The greatest difficulty found in practice was to provide books for the students of this school. The supply originally given to Patrick by St. Celestine, as old authors say, was soon exhausted; and then Patrick was forced—either himself or his attendant prelates—to write ‘alphabets’ for his pupils. The ‘alphabet’ was simply a catechism, or compendium of Christian doctrine, which was given to the young cleric to get by rote, and was of course, duly expounded for him by the teachers of the school, so that in a short time he became qualified to teach others all that he had learned himself.

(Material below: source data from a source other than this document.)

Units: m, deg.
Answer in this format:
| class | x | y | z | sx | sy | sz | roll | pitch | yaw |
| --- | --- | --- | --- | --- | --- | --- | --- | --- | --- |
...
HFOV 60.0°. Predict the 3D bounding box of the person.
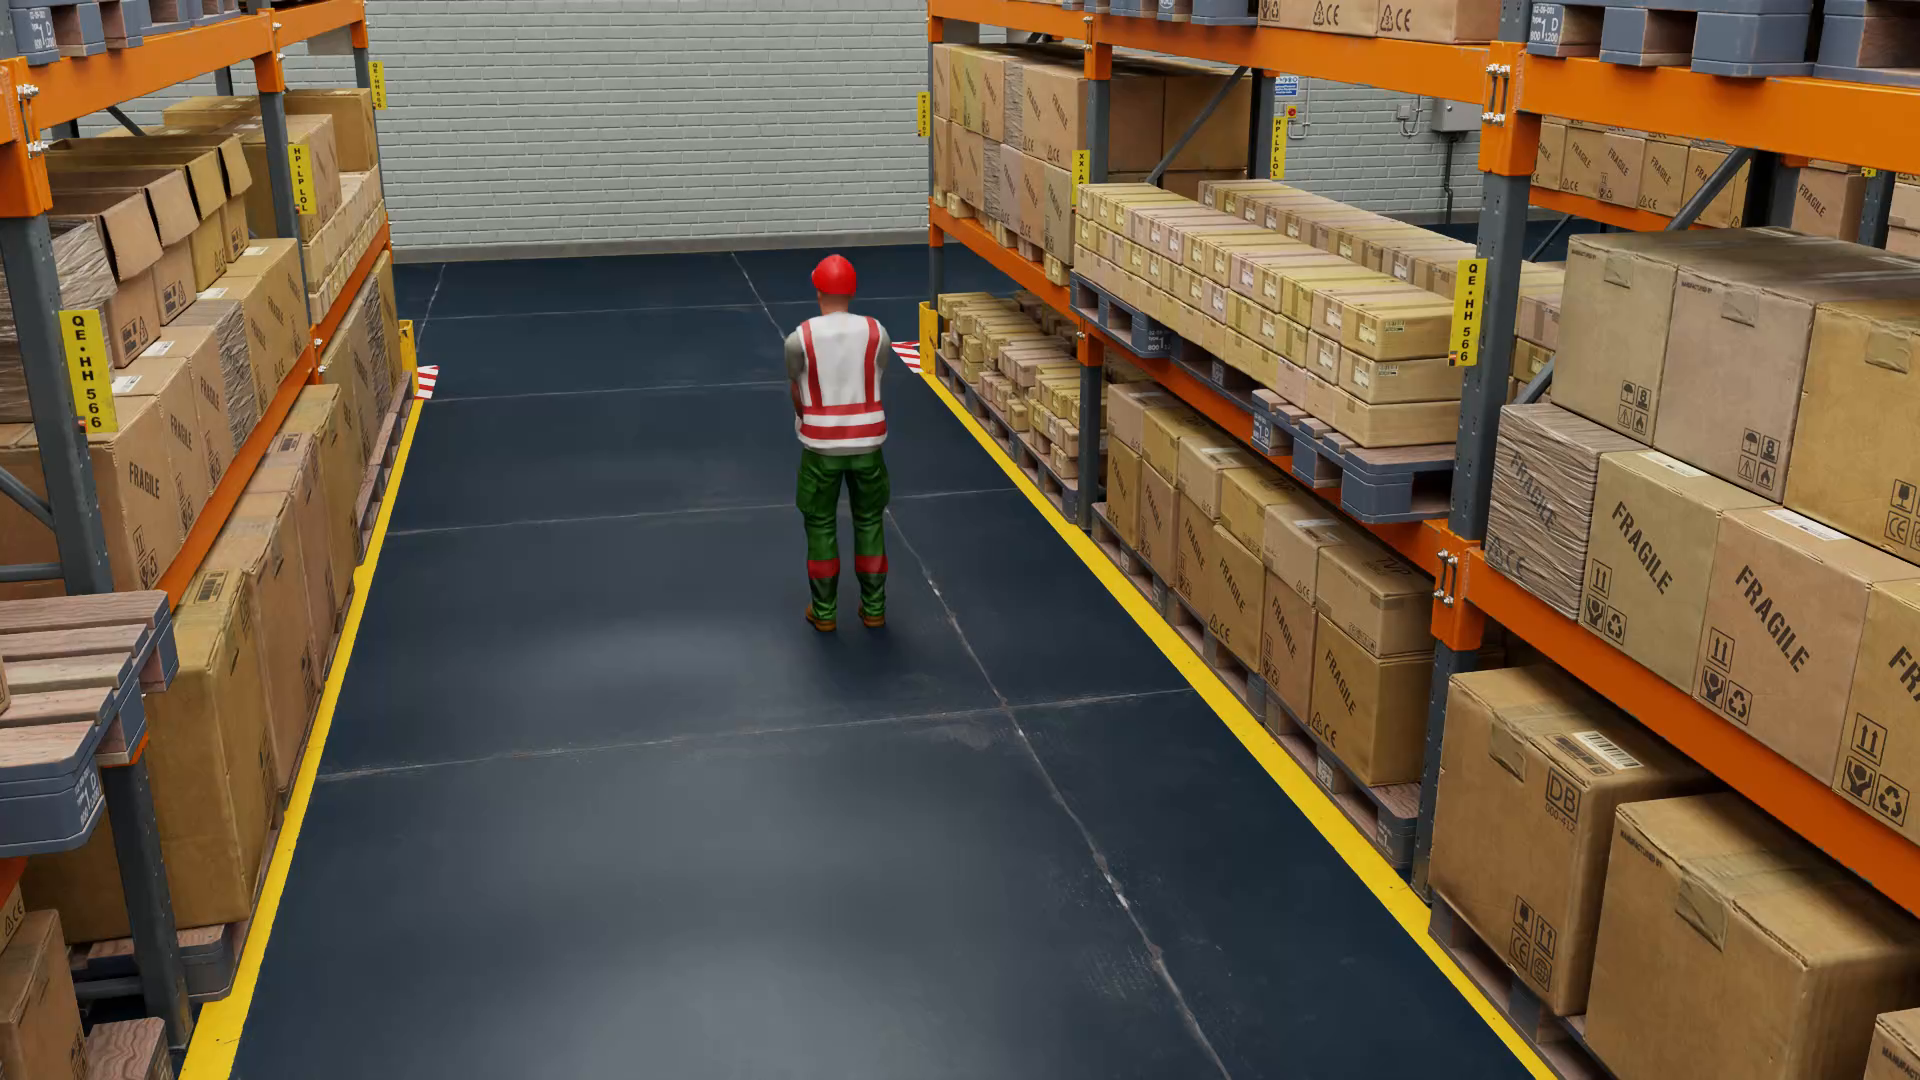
| class | x | y | z | sx | sy | sz | roll | pitch | yaw |
| --- | --- | --- | --- | --- | --- | --- | --- | --- | --- |
| person | -0.584 | -0.473 | 7.876 | 0.495 | 1.786 | 0.556 | -5 | 20 | -13 |

In the same way, copies of the Lebar n Uird, or Liber Ordinis, that is the Ordo of the Mass, and also of the Lebar Baptismi, or Ritual, were multiplied and expounded for the students, who were thus enabled to celebrate Mass and administer the Sacraments under the guidance of their elders, until they were themselves deemed qualified to be placed over churches of their own. Sometimes when Patrick found a prelate specially qualified to instruct others he gave him the means of establishing a school of his own; as he did in the case of Bishop Mucna of Domnachmore, near Killala, to whom he gave the ‘Seven Books of the Law,’ with full authority to ‘ordain bishops and priests and deacons in that region.’ This Mucna was a brother of Cethech or Cethechus of Baslic, and was himself most probably educated in Gaul or Britain. We find reference made to Manchen the Master, or Mancen—so the Irish Tripartite has it—as dwelling there also; whence we may infer that Bishop Mucna was authorised by Patrick to establish a kind of theological seminary at Domnachmore ‘over the Wood of Focluth’ by the western sea, probably the first of the kind established in Ireland.